Pero, si fuese tal el caso, uno se vería obligado a preguntarse qué error hubo; cuándo y cómo se tergiversaron las cosas. La respuesta a esta pregunta suprema resopla en tantos brotes que al pobre cerebro le ataca la fiebre del heno, se le cierran los ojos de golpe, estornuda ramilletes enteros de ocultas y semisospechadas verdades, y probablemente en el fondo no quiera enterarse de nada. Desde su posición de psiquiatra, sin embargo, una posición sólo ligeramente menos alérgica que cualquier otra, podía el doctor Robbins aventurar de momento:
La mayor parte del daño que el hombre causa a su ambiente, a sus semejantes y a sí mismo, se debe a la codicia.
La mayor parte de la codicia (sea de poder, de propiedad, de atención o de afecto) nace de la inseguridad.
La mayor parte de la inseguridad se debe al miedo.
Y casi todo el miedo es, en el fondo, miedo a la muerte.
Con tiempo, todo es posible. Pero el tiempo ha de parar.
¿Por qué temen así los seres humanos a la muerte?

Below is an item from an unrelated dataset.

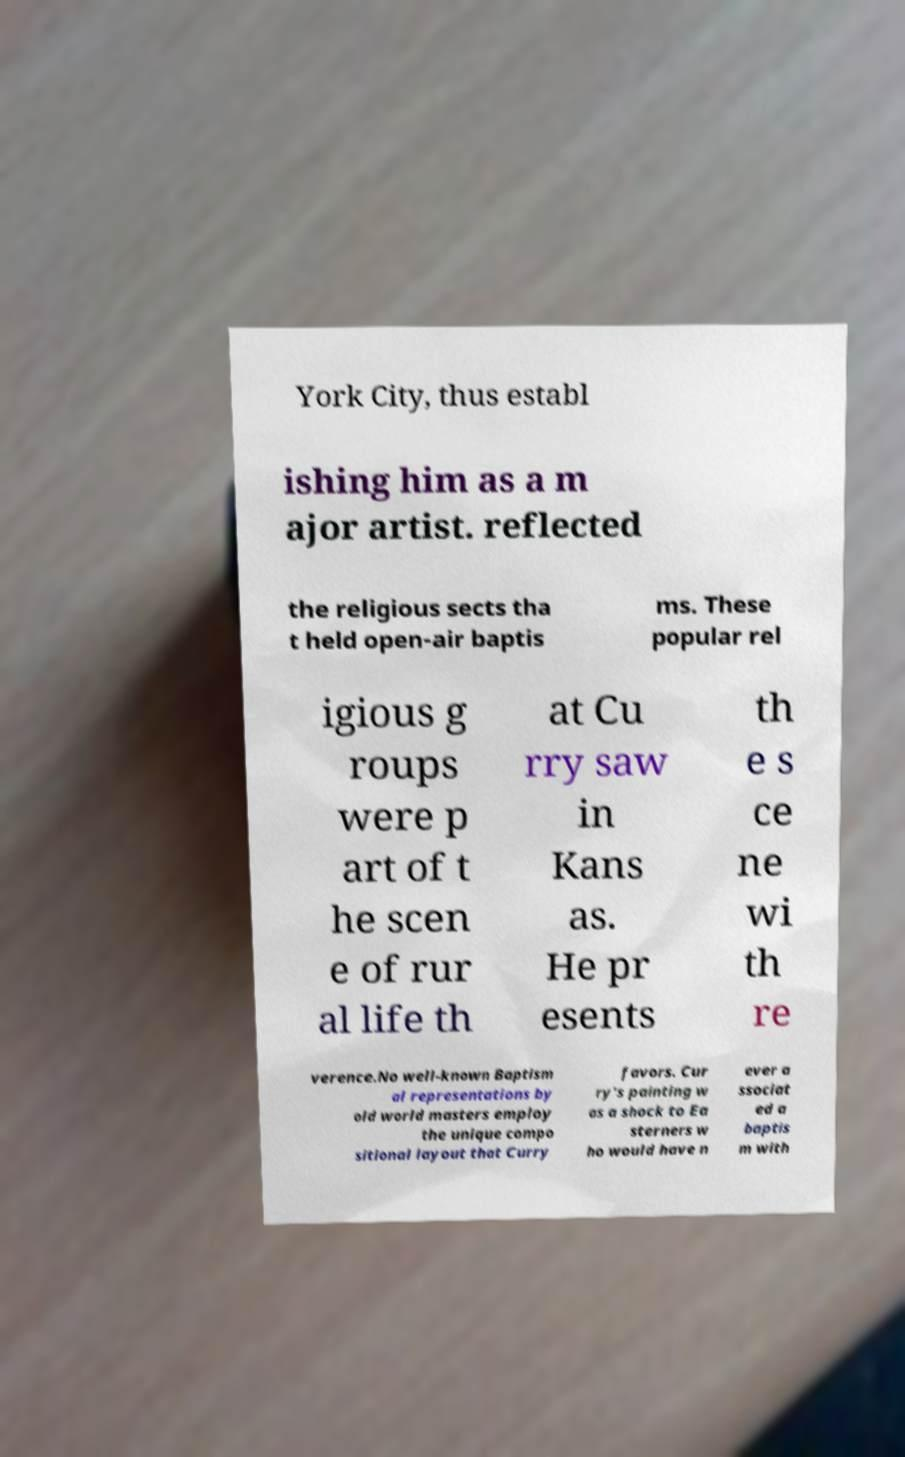I need the written content from this picture converted into text. Can you do that? York City, thus establ ishing him as a m ajor artist. reflected the religious sects tha t held open-air baptis ms. These popular rel igious g roups were p art of t he scen e of rur al life th at Cu rry saw in Kans as. He pr esents th e s ce ne wi th re verence.No well-known Baptism al representations by old world masters employ the unique compo sitional layout that Curry favors. Cur ry's painting w as a shock to Ea sterners w ho would have n ever a ssociat ed a baptis m with

Porque inconscientemente entienden, al fin, que sus vidas son meras parodias de lo que habría de ser la vida. Anhelan dejar de jugar a vivir y vivir realmente, pero, ay, lleva tiempo y esfuerzo unir y articular y anudar los cabos sueltos de sus vidas y se ven acosados por la idea de que el tiempo corre y se acaba.
¿Era esto, o era el guijarro de la zapatilla de baile la fobia de que el tiempo no para jamás? Si pudiésemos vivir nuestros 70.4 años de media y saber con seguridad que iba a ser así, podríamos arreglárnoslas perfectamente. Podríamos quejarnos de que es demasiado poco, pero lo que hubiese de vida lo podríamos vivir libremente haciendo en concreto lo que quisiéramos según lo permitieran la conciencia y la capacidad, aceptando que cuando se acabase, se había acabado: fácil venir, fácil irse. Ah, pero no se nos permite el lujo de la finalidad. Diluimos y obstruimos nuestros impulsos más auténticos con la idea, fervientemente sostenida o porfiadamente sospechada, de que tras la muerte hay algo más, y que ese algo puede ser interminable, y que la justeza de nuestra conducta en «esta» vida puede determinar cómo nos vaya en la «siguiente» (y, para aquellas pobres almas que creen en la reencarnación, las que sigan a ésta).